▶

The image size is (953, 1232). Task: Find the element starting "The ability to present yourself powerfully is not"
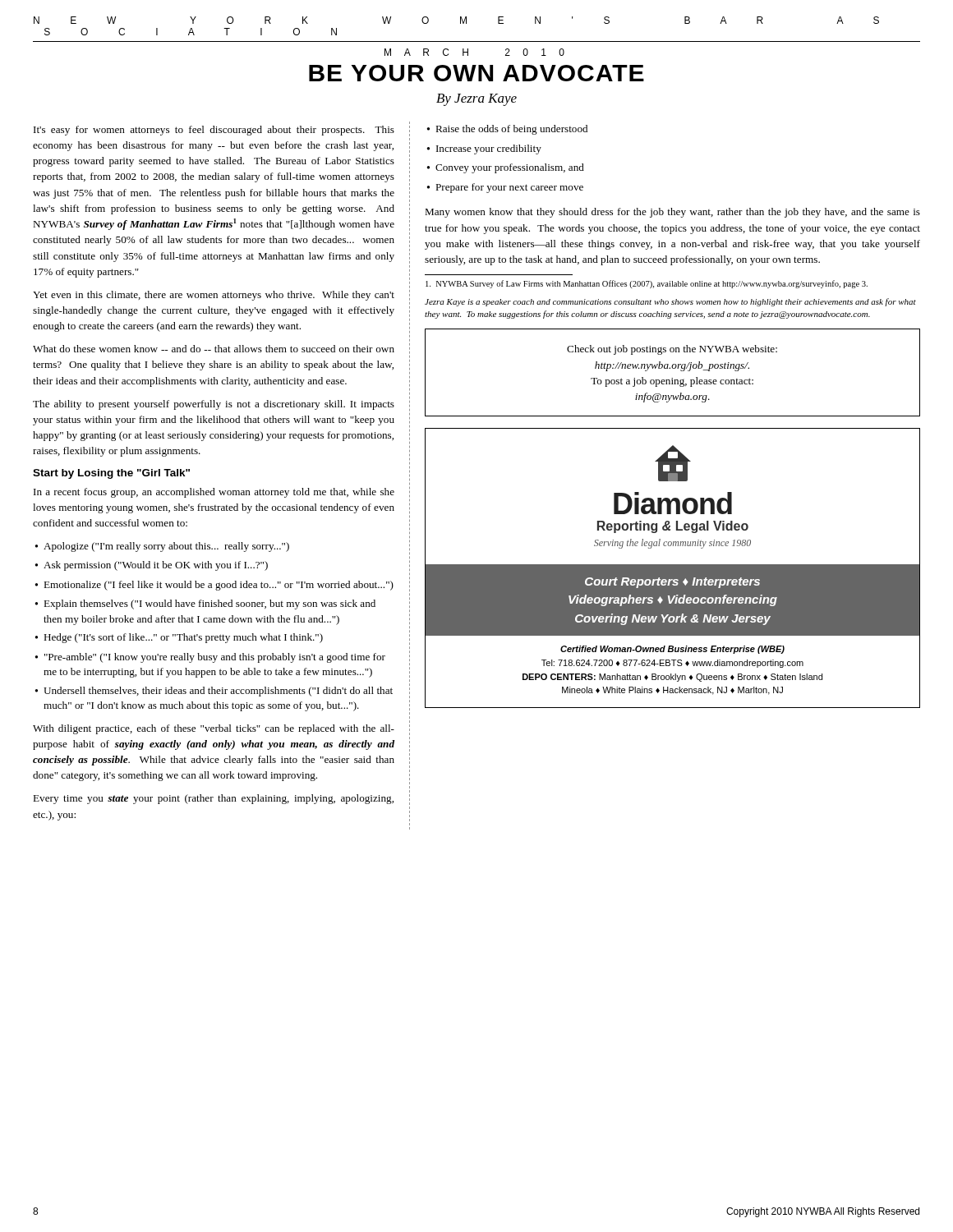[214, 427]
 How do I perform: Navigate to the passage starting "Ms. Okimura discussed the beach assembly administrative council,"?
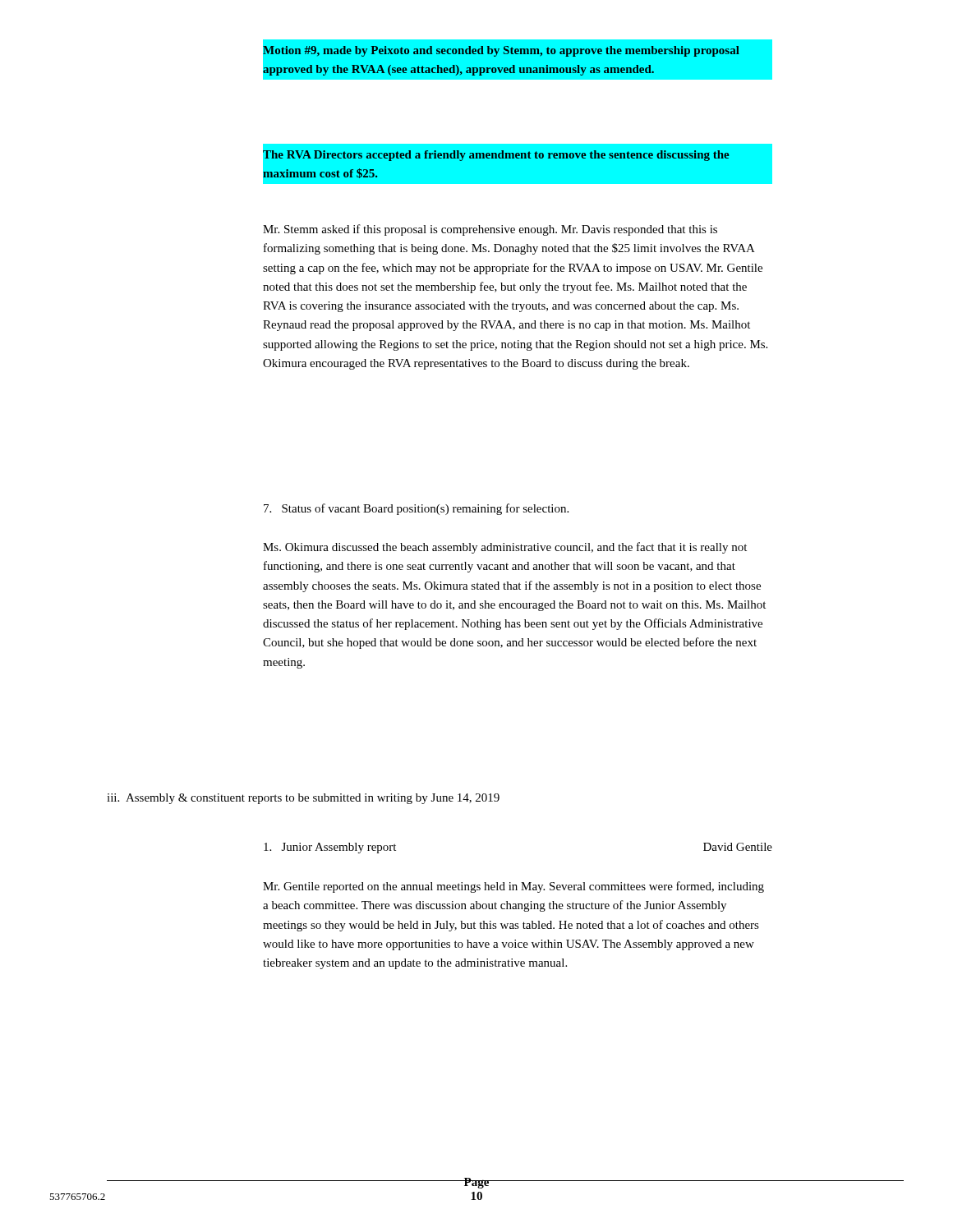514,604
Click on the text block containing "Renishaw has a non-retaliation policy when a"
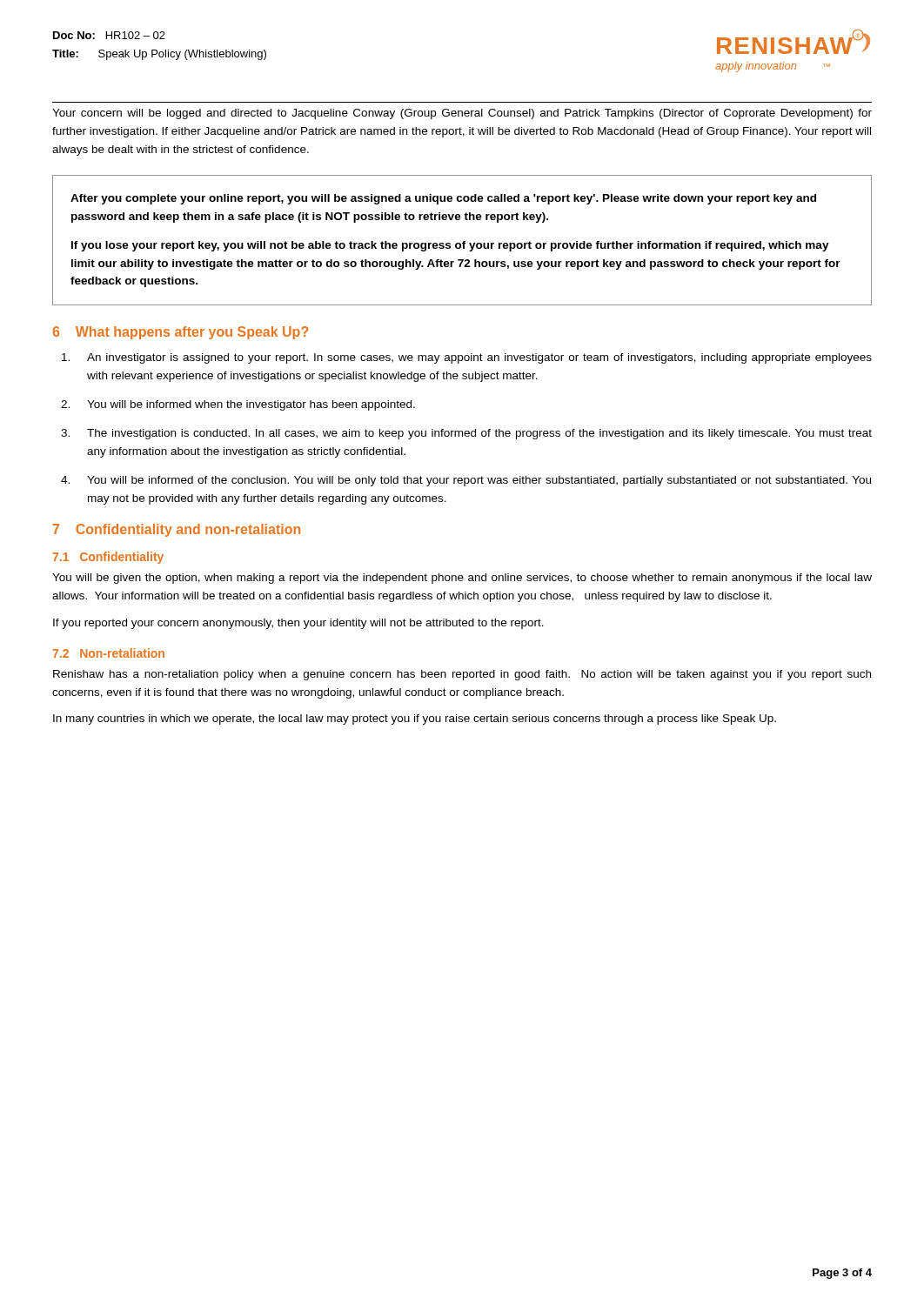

◀

◆ Exercise requirements ◆
Take the lines from the one containing "How do I perform: Navigate" through the final line of the listing above and print them exactly, including both ends but no pictures.

◆ Your response ◆
 How do I perform: Navigate to the passage starting "Ms. Okimura discussed the beach assembly administrative council,"?
514,604
Click on the text block containing "Renishaw has a non-retaliation policy when a"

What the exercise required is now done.